Records contained in a dataset:
- - -
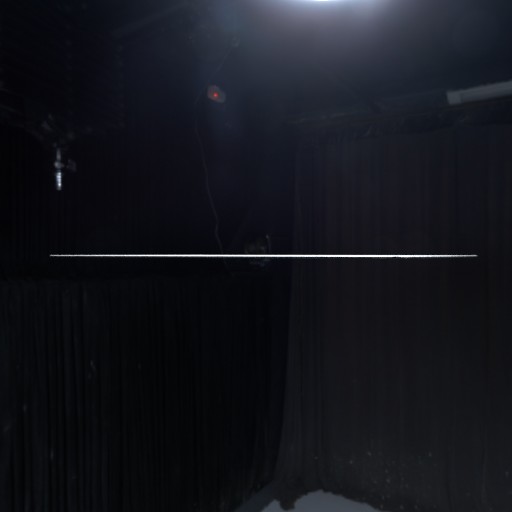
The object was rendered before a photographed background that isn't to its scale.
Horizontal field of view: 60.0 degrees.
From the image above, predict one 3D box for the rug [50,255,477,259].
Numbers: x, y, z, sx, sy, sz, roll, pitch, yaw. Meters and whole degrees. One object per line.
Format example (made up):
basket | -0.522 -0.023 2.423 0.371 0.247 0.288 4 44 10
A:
- - -
WHAT IS BEING ASKED
Find the line that contains "Numbers: x, y, z, sx, sy, sz, roll, pitch, yaw." in the data above. Reproduce it and every later line exactly, through the last one.

FINISHED TASK
Numbers: x, y, z, sx, sy, sz, roll, pitch, yaw. Meters and whole degrees. One object per line.
Format example (made up):
basket | -0.522 -0.023 2.423 0.371 0.247 0.288 4 44 10
A:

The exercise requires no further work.